**What you need to do**. In the records below, some lines contain "EDGE"; state the number of such lines and nothing else.
----- Extracted entries -----
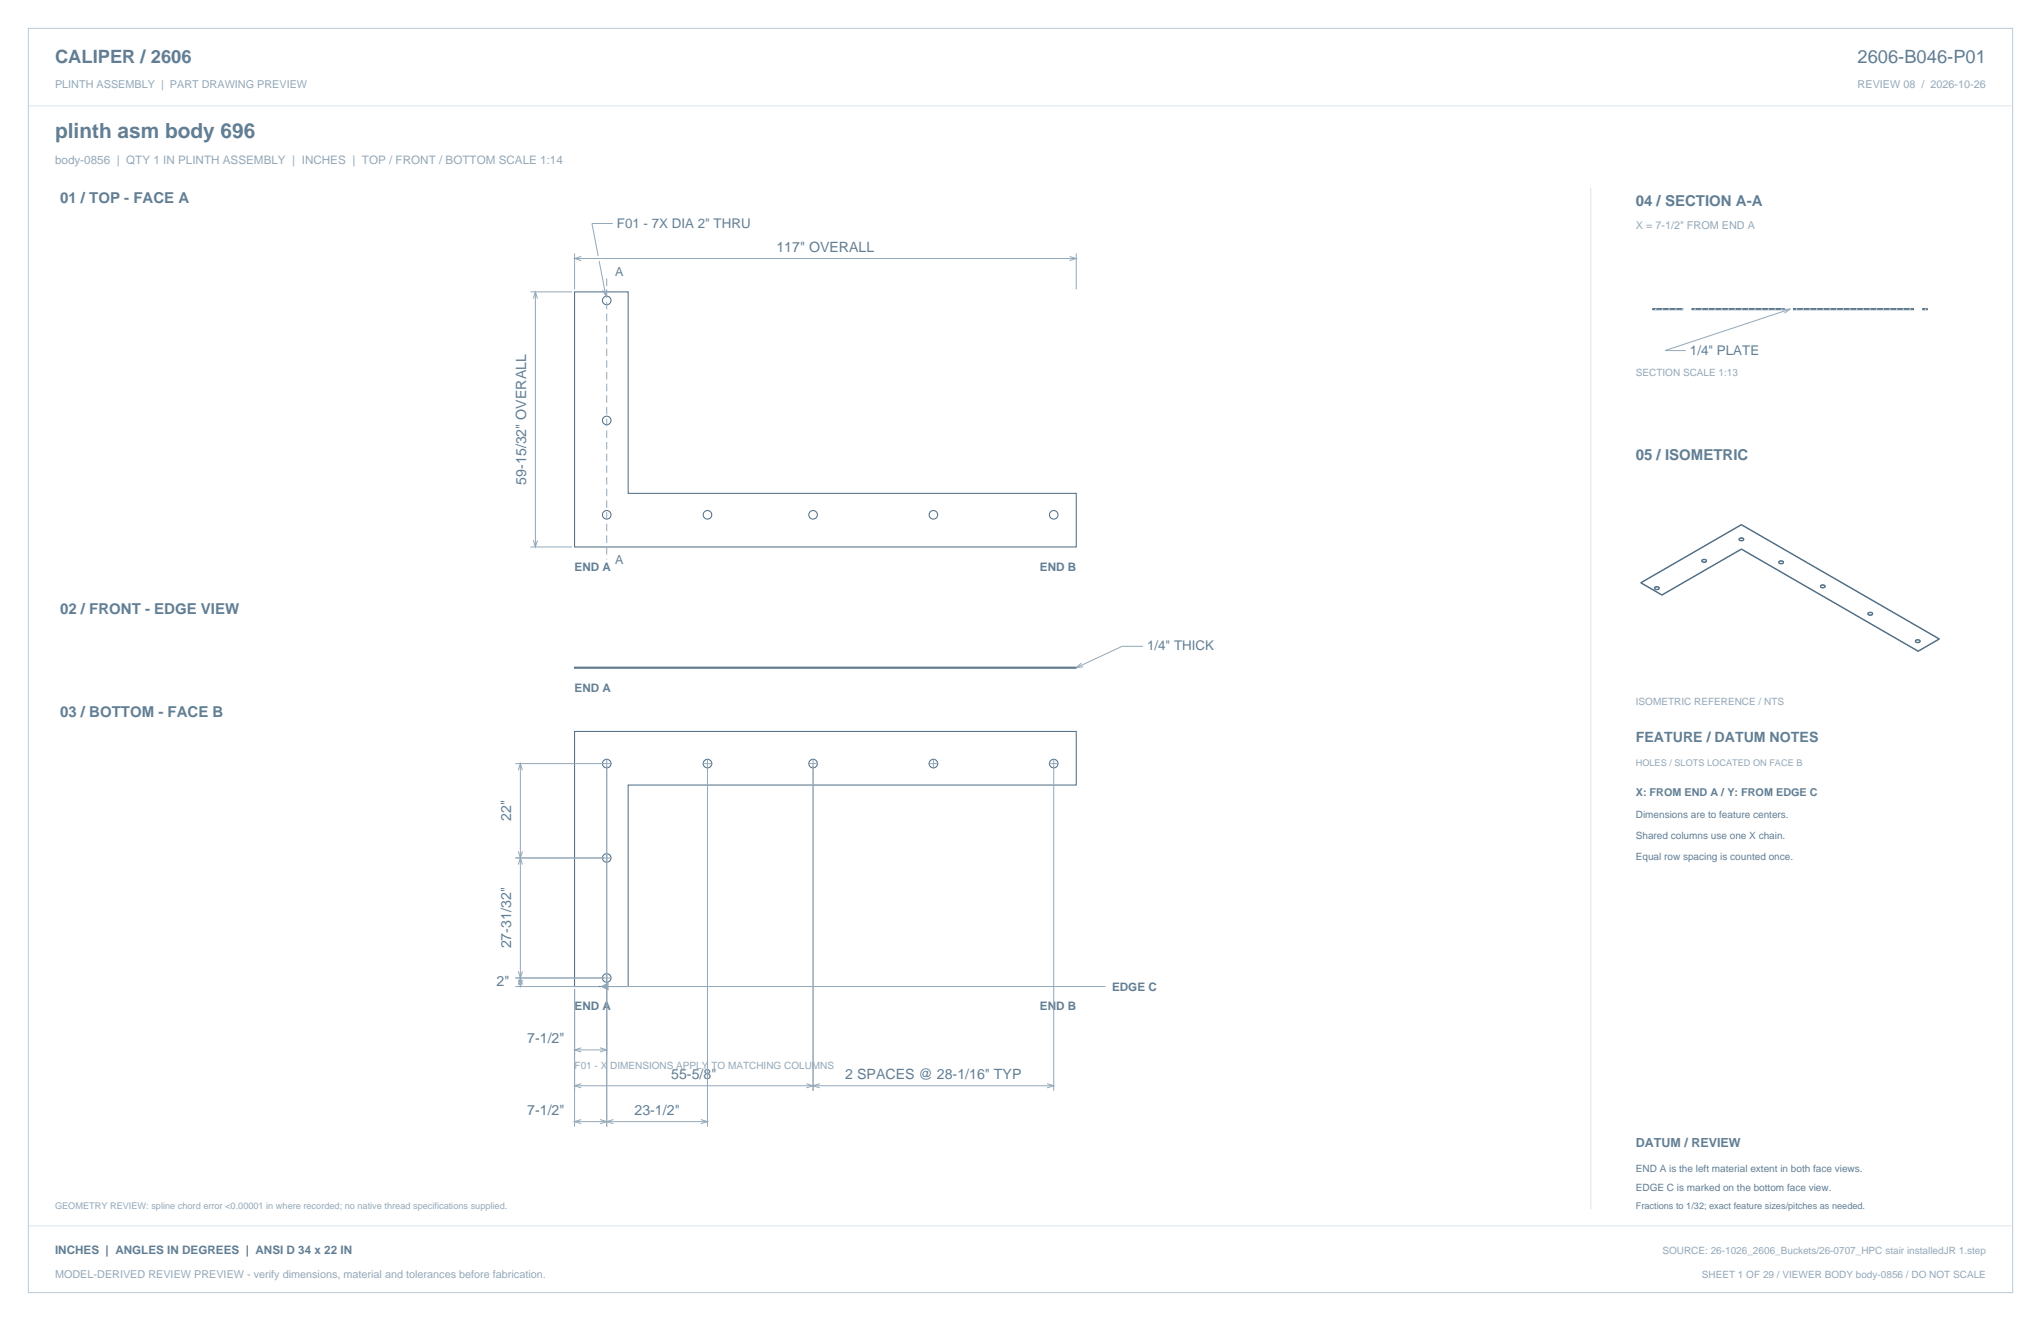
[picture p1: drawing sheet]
<svg xmlns="http://www.w3.org/2000/svg" width="864mm" height="559mm" viewBox="0 0 864 559" stroke-linecap="round" stroke-linejoin="round" font-family="sans-serif">
<defs><g id="words">
<text font-size="8.8" fill="#617e94" x="23.3" y="58.2">plinth asm body 696</text>
<g font-size="7.8" fill="#617e94">
<text x="23.3" y="26.8">CALIPER / 2606</text>
<text x="786" y="26.8">2606-B046-P01</text>
</g>
<g font-size="6.3" fill="#617e94">
<text x="25.4" y="86.1">01 / TOP - FACE A</text>
<text x="692.1" y="87.1">04 / SECTION A-A</text>
<text x="692.1" y="194.4">05 / ISOMETRIC</text>
<text x="25.4" y="259.6">02 / FRONT - EDGE VIEW</text>
<text x="25.4" y="303.4">03 / BOTTOM - FACE B</text>
</g>
<g font-size="6" fill="#617e94">
<text x="328.5" y="106.5">117&quot; OVERALL</text>
<text x="222.7" y="205" transform="rotate(-90 222.7 205)">59-15/32&quot; OVERALL</text>
<text x="692.1" y="314">FEATURE / DATUM NOTES</text>
<text x="216.3" y="347.4" transform="rotate(-90 216.3 347.4)">22&quot;</text>
<text x="216.3" y="401.2" transform="rotate(-90 216.3 401.2)">27-31/32&quot;</text>
<text x="210.1" y="417.3">2&quot;</text>
<text x="223.1" y="441.3">7-1/2&quot;</text>
<text x="284" y="456.5">55-5/8&quot;</text>
<text x="357.7" y="456.5">2 SPACES @ 28-1/16&quot; TYP</text>
<text x="223.1" y="471.6">7-1/2&quot;</text>
<text x="268.5" y="471.6">23-1/2&quot;</text>
</g>
<g font-size="5.6" fill="#617e94">
<text x="261.1" y="96.3">F01 - 7X DIA 2&quot; THRU</text>
<text x="715.1" y="150.1">1/4&quot; PLATE</text>
<text x="485.4" y="275.2">1/4&quot; THICK</text>
</g>
<g font-size="5.3" fill="#617e94">
<text x="260.2" y="116.8">A</text>
<text x="260.2" y="238.4">A</text>
<text x="692.1" y="485.1">DATUM / REVIEW</text>
</g>
<text font-size="4.9" fill="#93a8b9" x="23.3" y="69.5">body-0856 | QTY 1 IN PLINTH ASSEMBLY | INCHES | TOP / FRONT / BOTTOM SCALE 1:14</text>
<g font-size="4.9" fill="#617e94">
<text x="243.1" y="241.6">END A</text>
<text x="440" y="241.6">END B</text>
<text x="243.1" y="292.6">END A</text>
<text x="470.6" y="419.1">EDGE C</text>
<text x="243.1" y="427.2">END A</text>
<text x="440" y="427.2">END B</text>
<text x="23.3" y="530.6">INCHES | ANGLES IN DEGREES | ANSI D 34 x 22 IN</text>
</g>
<g font-size="4.6" fill="#93a8b9">
<text x="23.3" y="37">PLINTH ASSEMBLY | PART DRAWING PREVIEW</text>
<text x="786" y="37">REVIEW 08 / 2026-10-26</text>
<text x="692.1" y="97">X = 7-1/2&quot; FROM END A</text>
<text x="23.3" y="540.5">MODEL-DERIVED REVIEW PREVIEW - verify dimensions, material and tolerances before fabrication.</text>
</g>
<text font-size="4.6" fill="#617e94" x="692.1" y="336.9">X: FROM END A / Y: FROM EDGE C</text>
<g font-size="4.2" fill="#93a8b9">
<text x="692.1" y="158.9">SECTION SCALE 1:13</text>
<text x="692.1" y="298.1">ISOMETRIC REFERENCE / NTS</text>
<text x="243.1" y="452.2">F01 - X DIMENSIONS APPLY TO MATCHING COLUMNS</text>
<text x="703.4" y="530.6">SOURCE: 26-1026_2606_Buckets/26-0707_HPC stair installedJR 1.step</text>
<text x="720.1" y="540.5">SHEET 1 OF 29 / VIEWER BODY body-0856 / DO NOT SCALE</text>
</g>
<g font-size="4.2" fill="#617e94">
<text x="692.1" y="346.1">Dimensions are to feature centers.</text>
<text x="692.1" y="354.9">Shared columns use one X chain.</text>
<text x="692.1" y="363.7">Equal row spacing is counted once.</text>
<text x="692.1" y="495.7">END A is the left material extent in both face views.</text>
<text x="692.1" y="503.8">EDGE C is marked on the bottom face view.</text>
</g>
<g font-size="3.9" fill="#93a8b9">
<text x="692.1" y="323.8">HOLES / SLOTS LOCATED ON FACE B</text>
<text x="23.3" y="511.5">GEOMETRY REVIEW: spline chord error &lt;0.00001 in where recorded; no native thread specifications supplied.</text>
</g>
<text font-size="3.9" fill="#617e94" x="692.1" y="511.5">Fractions to 1/32; exact feature sizes/pitches as needed.</text>
</g></defs>
<path d="M12 12h839.6v534.8h-839.6z" fill="none" stroke="#b8cad8" stroke-width=".42"/>
<path d="M12 44.8h839.6M673.1 79.4v432.1" fill="none" stroke="#dbe5ed" stroke-width=".42"/>
<g fill="none" stroke="#536f85" stroke-width=".44">
<path d="M243.1 123.5h22.7v85.2h189.6v22.7h-212.3zM243.1 309.4h212.3v22.7h-189.6v85.2h-22.7z"/>
<circle cx="256.7" cy="127.1" r="1.81"/>
<circle cx="256.7" cy="177.9" r="1.81"/>
<circle cx="256.7" cy="217.8" r="1.81"/>
<circle cx="299.4" cy="217.8" r="1.81"/>
<circle cx="344" cy="217.8" r="1.81"/>
<circle cx="394.9" cy="217.8" r="1.81"/>
<circle cx="445.9" cy="217.8" r="1.81"/>
<circle cx="256.7" cy="323" r="1.81"/>
<circle cx="299.4" cy="323" r="1.81"/>
<circle cx="344" cy="323" r="1.81"/>
<circle cx="394.9" cy="323" r="1.81"/>
<circle cx="445.9" cy="323" r="1.81"/>
<circle cx="256.7" cy="362.9" r="1.81"/>
<circle cx="256.7" cy="413.7" r="1.81"/>
</g>
<g fill="none" stroke="#93a8b9" stroke-width=".42">
<path d="M259.3 94.5h-8.8l2.6 13.8M243.1 107.2v15.2M243.1 109.4h212.3M245.9 108.5l-2.8 .9 2.8 .8M253.5 110.4l2.9 14.9M452.6 108.5l2.8 .9-2.8 .8M455.4 107.2v15.2M224.4 123.5h17.7M225.7 126.3l.8-2.8 .9 2.8M226.5 123.5v107.9M256.7 122.4l-.3 2.9-1.4-2.6M224.4 231.4h17.7"/>
<path d="M225.7 228.6l.8 2.8 .9-2.8M483.6 273.4h-8.8l-19.4 9M457.6 280.5l-2.2 1.9 2.9-.3M218.1 323h40.7M219.3 325.8l.9-2.8 .9 2.8M220.2 323v94.3M256.7 320.9v155.7M297.2 323h4.3M299.4 320.9v155.7M341.9 323h4.3M344 320.9v140.5M392.8 323h4.3"/>
<path d="M394.9 320.9v4.2M443.7 323h4.3M445.9 320.9v140.5M218.1 362.9h40.7M219.3 365.8l.9-2.9 .9 2.9M219.3 360.1l.9 2.8 .9-2.8M218.1 413.7h40.7M218.1 417.3h35.3M219.3 416.5l.9-2.8 .9 2.8M219.3 414.5l.9 2.8 .9-2.8M219.3 410.9l.9 2.8 .9-2.8M243.1 418.4v58.2"/>
<path d="M254.5 417.3h213.2M243.1 444.1h13.6M243.1 459.3h202.8M245.9 443.2l-2.8 .9 2.8 .9M245.9 458.4l-2.8 .9 2.8 .9M253.9 443.2l2.8 .9-2.8 .9M341.2 458.4l2.8 .9-2.8 .9M346.9 458.4l-2.9 .9 2.9 .9M443 458.4l2.9 .9-2.9 .9M243.1 474.5h56.3M245.9 473.6l-2.8 .9 2.8 .8M253.9 473.6l2.8 .9-2.8 .8"/>
<path d="M259.5 473.6l-2.8 .9 2.8 .8M296.5 473.6l2.9 .9-2.9 .8"/>
</g>
<path d="M256.7 117.8v118.9" fill="none" stroke="#93a8b9" stroke-width=".42" stroke-dasharray="3.2 1.8" stroke-linecap="butt"/>
<path d="M243.1 282.2h212.3v.5h-212.3z" fill="none" stroke="#536f85" stroke-width=".42"/>
<path d="M254.5 417.3l2.8-1.4v2.8z" fill="#93a8b9" stroke="#93a8b9" stroke-width=".42"/>
<path d="M699.3 130.5h12.7v.5h-12.7z" fill-rule="evenodd" fill="#f2f6f9" stroke="#536f85" stroke-width=".42"/>
<path d="M700.9 130.5l-.5 .5M703.7 130.5l-.5 .5M706.5 130.5l-.5 .5M709.3 130.5l-.5 .5M712 130.5l-.3 .5" fill="none" stroke="#dbe5ed" stroke-width=".42"/>
<path d="M715.9 130.5h39.1v.5h-39.1z" fill-rule="evenodd" fill="#f2f6f9" stroke="#536f85" stroke-width=".42"/>
<g fill="none" stroke="#dbe5ed" stroke-width=".42">
<path d="M717.5 130.5l-.5 .5M720.3 130.5l-.5 .5M723.1 130.5l-.5 .5M725.9 130.5l-.5 .5M728.8 130.5l-.5 .5M731.6 130.5l-.5 .5M734.4 130.5l-.5 .5M737.2 130.5l-.5 .5M740 130.5l-.4 .5M742.9 130.5l-.5 .5M745.7 130.5l-.5 .5M748.5 130.5l-.5 .5"/>
<path d="M751.3 130.5l-.5 .5M754.2 130.5l-.5 .5"/>
</g>
<path d="M758.9 130.5h50.8v.5h-50.8z" fill-rule="evenodd" fill="#f2f6f9" stroke="#536f85" stroke-width=".42"/>
<g fill="none" stroke="#dbe5ed" stroke-width=".42">
<path d="M760.4 130.5l-.4 .5M763.3 130.5l-.5 .5M766.1 130.5l-.5 .5M768.9 130.5l-.5 .5M771.7 130.5l-.5 .5M774.6 130.5l-.5 .5M777.4 130.5l-.5 .5M780.2 130.5l-.5 .5M783 130.5l-.5 .5M785.8 130.5l-.4 .5M788.7 130.5l-.5 .5M791.5 130.5l-.5 .5"/>
<path d="M794.3 130.5l-.5 .5M797.1 130.5l-.5 .5M800 130.5l-.5 .5M802.8 130.5l-.5 .5M805.6 130.5l-.5 .5M808.4 130.5l-.5 .5"/>
</g>
<path d="M813.6 130.5h1.9v.5h-1.9z" fill-rule="evenodd" fill="#f2f6f9" stroke="#536f85" stroke-width=".42"/>
<path d="M815.1 130.5l-.5 .5M12 518.6h839.6" fill="none" stroke="#dbe5ed" stroke-width=".42"/>
<path d="M754.5 130.8h2.9l-2.4 1.7M757.4 130.8l-52.9 17.5h8.8" fill="none" stroke="#93a8b9" stroke-width=".42"/>
<g fill="none" stroke="#536f85" stroke-width=".42">
<path d="M720.4 237.6v.2M721.8 236.7l.3 .4-.3 .5h-1.4M721.8 236.7h-1.4l-.3 .4 .3 .5M721.8 236.9h-1.4l-.3 .4 .3 .5M721.8 236.9l.3 .4-.3 .5h-1.4M721.8 236.7v.2M736.1 228.5v.2M736.8 232.4l74.8 43.2M736.8 222.1l-42.5 24.5M736.8 221.9v.2M736.8 232.2v.2M736.8 222.1l83.8 48.3"/>
<path d="M736.8 232.2l-33.6 19.4M736.8 232.2l74.8 43.2M736.8 221.9l-42.5 24.5M736.8 232.4l-33.6 19.4M736.8 221.9l83.8 48.3M737.5 227.8l.3 .5-.3 .4h-1.4M737.5 227.6l.3 .4-.3 .5h-1.4M737.5 227.6h-1.4l-.3 .4 .3 .5M737.5 227.8h-1.4l-.3 .5 .3 .4M737.5 227.6v.2M752.9 238.2v.2M754.4 237.6l.3 .4-.3 .4h-1.5"/>
<path d="M754.4 237.3h-1.5l-.3 .5 .3 .4M754.4 237.6h-1.5l-.3 .4 .3 .4M754.4 237.3l.3 .5-.3 .4h-1.5M754.4 237.3v.3M694.3 246.4v.2M694.3 246.6l8.9 5.2M694.3 246.4l8.9 5.2M700.3 249.1v.2M701.8 248.5h-1.5l-.2 .4 .2 .4M701.8 248.5l.3 .4-.3 .4h-1.5M701.8 248.3h-1.5l-.2 .4 .2 .4M701.8 248.3l.3 .4-.3 .4h-1.5"/>
<path d="M701.8 248.3v.2M703.2 251.6v.2M770.6 248.3v.3M772 247.7h-1.4l-.3 .4 .3 .5M772 247.5l.3 .4-.3 .4h-1.4M772 247.5h-1.4l-.3 .4 .3 .4M772 247.7l.3 .4-.3 .5h-1.4M772 247.5v.2M790.6 259.9v.2M792.1 259.1h-1.5l-.3 .4 .3 .4M792.1 259.3l.3 .4-.3 .4h-1.5M792.1 259.3h-1.5l-.3 .4 .3 .4"/>
<path d="M792.1 259.1l.3 .4-.3 .4h-1.5M792.1 259.1v.2M810.7 271.5v.2M811.6 275.4v.2M812.2 270.7h-1.5l-.3 .4 .3 .4M812.2 270.9h-1.5l-.3 .4 .3 .4M812.2 270.9l.2 .4-.2 .4h-1.5M812.2 270.7l.2 .4-.2 .4h-1.5M812.2 270.7v.2M820.6 270.2v.2M820.6 270.4l-9 5.2M820.6 270.2l-9 5.2"/>
</g>
<use href="#words"/>
</svg>
-----
**Response**. 4